Another City Hall source added, “Seems clear real friction in New York. Multiple parties reached out to Amazon to make sure that they know Chicago would still want them. Don’t know if they are actually thinking of leaving New York.”

Preckwinkle issued her own statement saying she supports Pritzker’s efforts to encourage Amazon to “reconsider Chicago, including South Side locations” for the 25,000-job prize known as “HQ2.”

“Chicago was initially considered for Amazon’s new headquarters and the economic opportunity is certainly welcome here,” Preckwinkle was quoted as saying.

“Structured in the right way, this type of development would bring tens of thousands of good-paying jobs to the South Side and provide an influx of new economic activity into some of Chicago’s most disinvested neighborhoods.”

Preckwinkle did not identify the “South Side locations” she was pitching. But the only South Side site to which the Amazon team returned for multiple site visits was the South Loop mega-site known as “the 78.”

Earlier this week, the Zoning Board of Appeals ignored the burgeoning City Hall corruption scandal starring FBI mole Ald. Danny Solis (25th) and signed off on that $7 billion South Loop development and created a new tax-increment financing district to bankroll infrastructure improvements needed to unlock the development potential of the long-dormant site at Roosevelt and Clark.

In mid-November, Amazon made official the disappointing news Chicago had known for a week.

No one city will be home to Amazon’s second North American headquarters.

Instead, the economic development plum of the century known as HQ2 — with a $5 billion investment and 50,000, six-figure jobs — would be divided between Crystal City, Va. and the Long Island City neighborhood of Queens, N.Y.

After receiving the bad news, Emanuel acknowledged that subsidies were at least a part of the reason why Chicago lost the Amazon sweepstakes. But the mayor said he was “not sorry at all” that the city and state didn’t go higher than $2.25 billion.

Emanuel and now former Gov. Bruce Rauner had joined forces on a $2.25 billion incentive package aimed at luring Amazon and offered up ten sites in an around the downtown area.

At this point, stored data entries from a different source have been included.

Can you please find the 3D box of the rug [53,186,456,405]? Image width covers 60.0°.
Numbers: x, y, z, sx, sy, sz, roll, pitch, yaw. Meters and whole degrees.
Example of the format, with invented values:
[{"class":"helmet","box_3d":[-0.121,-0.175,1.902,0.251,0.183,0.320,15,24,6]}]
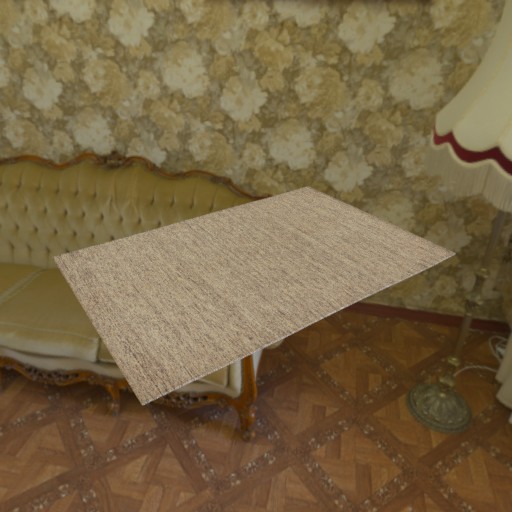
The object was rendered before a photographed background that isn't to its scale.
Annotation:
[{"class":"rug","box_3d":[0.000,0.000,3.023,2.283,0.013,1.547,-19,35,-30]}]
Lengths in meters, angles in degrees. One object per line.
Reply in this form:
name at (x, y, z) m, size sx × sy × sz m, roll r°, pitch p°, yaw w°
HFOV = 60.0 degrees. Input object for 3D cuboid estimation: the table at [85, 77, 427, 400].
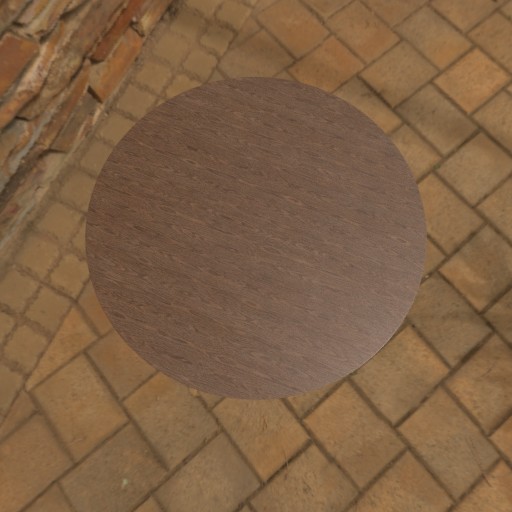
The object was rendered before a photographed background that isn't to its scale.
table at (0.000, 0.000, 1.752) m, size 1.053 × 0.786 × 1.053 m, roll 0°, pitch 74°, yaw 0°
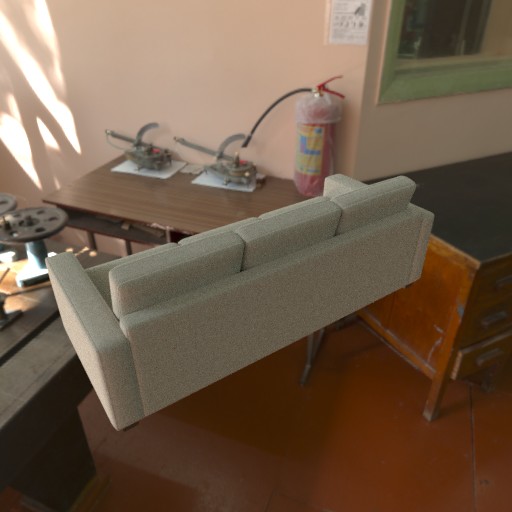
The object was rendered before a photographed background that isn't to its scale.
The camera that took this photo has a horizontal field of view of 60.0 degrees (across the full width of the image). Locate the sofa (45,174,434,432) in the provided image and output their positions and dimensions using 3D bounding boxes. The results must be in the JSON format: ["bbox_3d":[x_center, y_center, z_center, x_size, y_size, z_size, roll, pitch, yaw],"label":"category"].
[{"bbox_3d":[0.000,0.000,2.659,2.160,0.800,0.900,-20,37,-29],"label":"sofa"}]
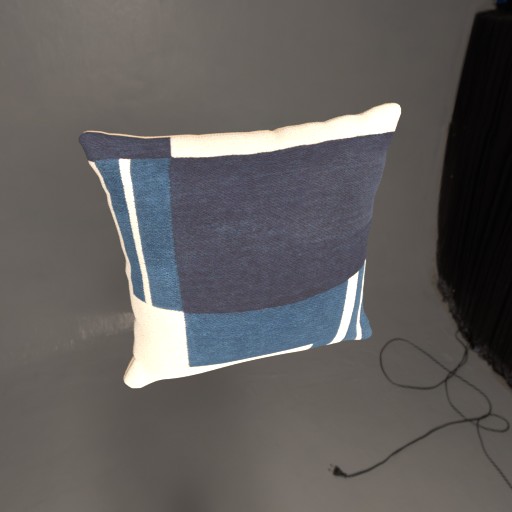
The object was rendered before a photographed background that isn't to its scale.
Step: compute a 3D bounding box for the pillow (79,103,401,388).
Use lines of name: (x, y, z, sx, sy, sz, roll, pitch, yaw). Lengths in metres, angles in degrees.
pillow: (0.000, 0.000, 0.803, 0.536, 0.506, 0.229, -9, 32, -14)
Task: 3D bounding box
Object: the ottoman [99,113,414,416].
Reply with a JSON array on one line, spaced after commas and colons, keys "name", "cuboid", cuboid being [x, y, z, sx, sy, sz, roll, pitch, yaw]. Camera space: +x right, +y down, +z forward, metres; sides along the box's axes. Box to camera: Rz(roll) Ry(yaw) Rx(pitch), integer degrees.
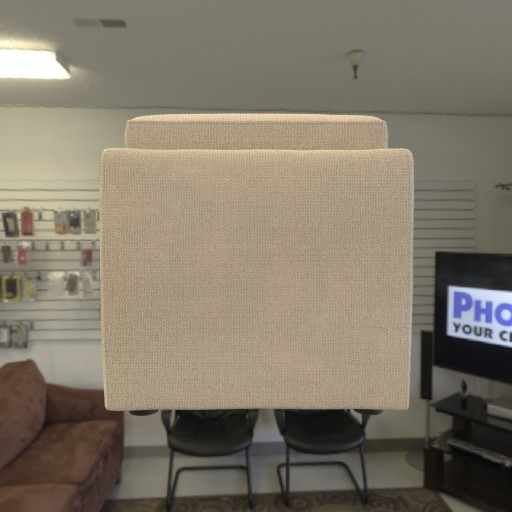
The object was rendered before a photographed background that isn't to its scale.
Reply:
[{"name": "ottoman", "cuboid": [0.000, 0.000, 0.836, 0.451, 0.460, 0.450, 0, 2, 0]}]
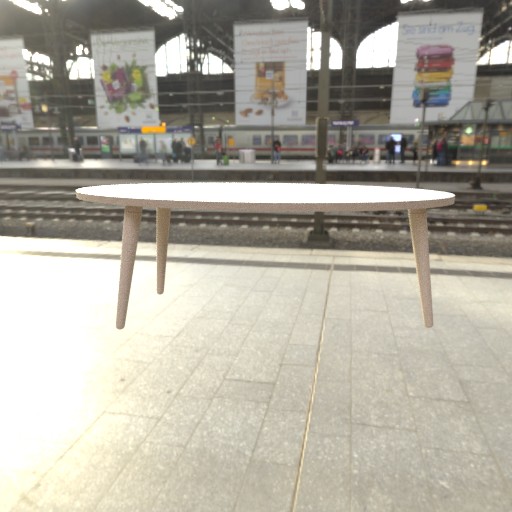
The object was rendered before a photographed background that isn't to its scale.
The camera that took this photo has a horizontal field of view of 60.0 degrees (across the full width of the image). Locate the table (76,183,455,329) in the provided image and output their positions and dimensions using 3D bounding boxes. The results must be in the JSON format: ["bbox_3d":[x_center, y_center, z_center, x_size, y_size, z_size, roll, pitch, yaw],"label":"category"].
[{"bbox_3d":[0.000,0.000,1.331,1.083,0.390,0.542,2,14,9],"label":"table"}]
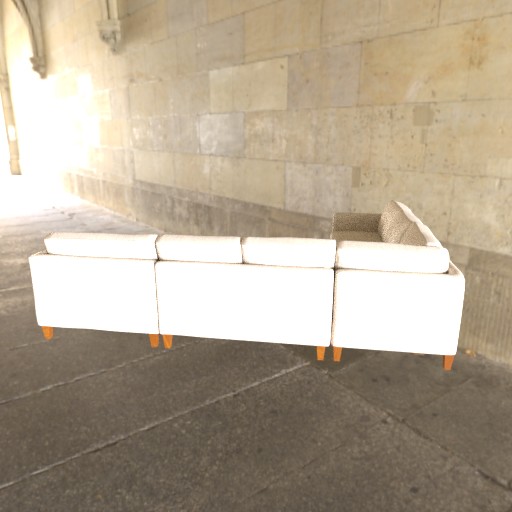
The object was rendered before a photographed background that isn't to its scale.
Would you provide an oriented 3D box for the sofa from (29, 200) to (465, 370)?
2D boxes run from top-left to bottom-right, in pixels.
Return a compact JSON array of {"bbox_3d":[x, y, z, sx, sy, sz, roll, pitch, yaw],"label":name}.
[{"bbox_3d":[0.000,0.000,4.670,3.460,0.961,2.594,3,16,9],"label":"sofa"}]
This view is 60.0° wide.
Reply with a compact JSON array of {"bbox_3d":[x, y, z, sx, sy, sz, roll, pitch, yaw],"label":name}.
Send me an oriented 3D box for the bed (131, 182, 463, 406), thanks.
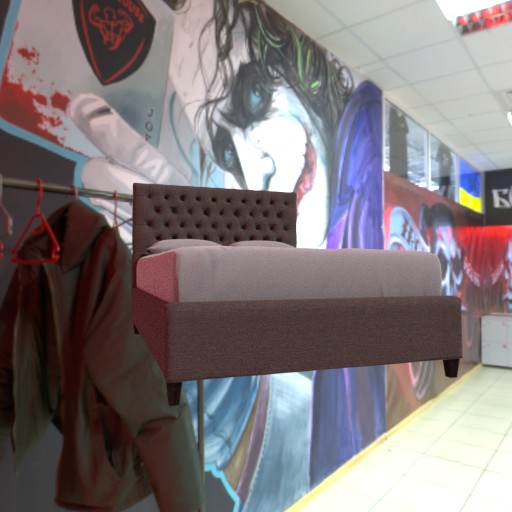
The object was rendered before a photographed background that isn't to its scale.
[{"bbox_3d":[0.000,0.000,3.375,1.698,1.427,2.387,1,-2,-19],"label":"bed"}]
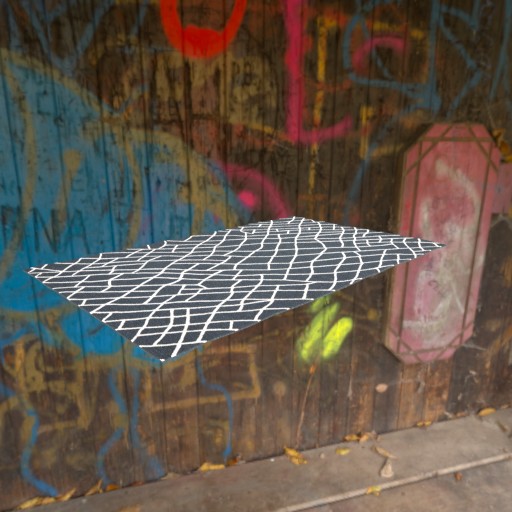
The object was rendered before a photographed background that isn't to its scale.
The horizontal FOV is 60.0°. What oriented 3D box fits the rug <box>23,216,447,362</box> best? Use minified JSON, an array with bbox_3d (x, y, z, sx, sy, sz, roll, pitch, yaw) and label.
[{"bbox_3d":[0.000,0.000,2.970,2.448,0.017,1.529,-15,22,-42],"label":"rug"}]
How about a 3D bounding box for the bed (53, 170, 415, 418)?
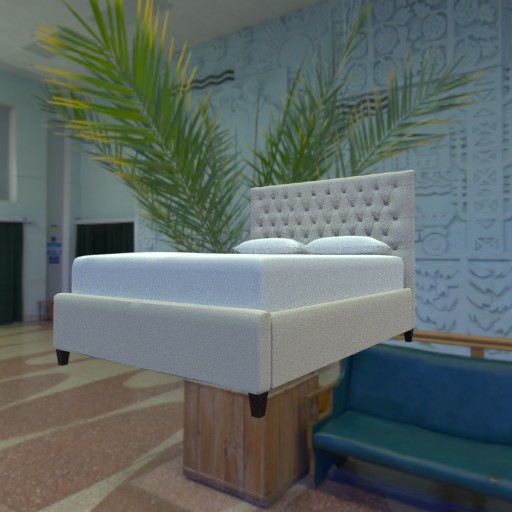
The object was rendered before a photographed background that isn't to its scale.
[{"bbox_3d":[0.000,0.000,3.296,1.696,1.426,2.233,0,0,36],"label":"bed"}]

Several of them, including “the 78”, enticed Amazon enough to get two site visits.

After promising an “all hands-on-desk, all-resources-to-bear” bid for the Amazon prize, Emanuel also put together a cheerleading squad comprised of 600 movers-and-shakers with hardly a civic or religious leader or a big name in business, finance, technology, education and the arts not included.

None of that was enough.

At the time, Emanuel said he knew why Amazon made the decision it did, but he wasn’t about to disclose it for fear of alienating Amazon and losing any chance to build on the footprint the retailing behemoth already has in Chicago.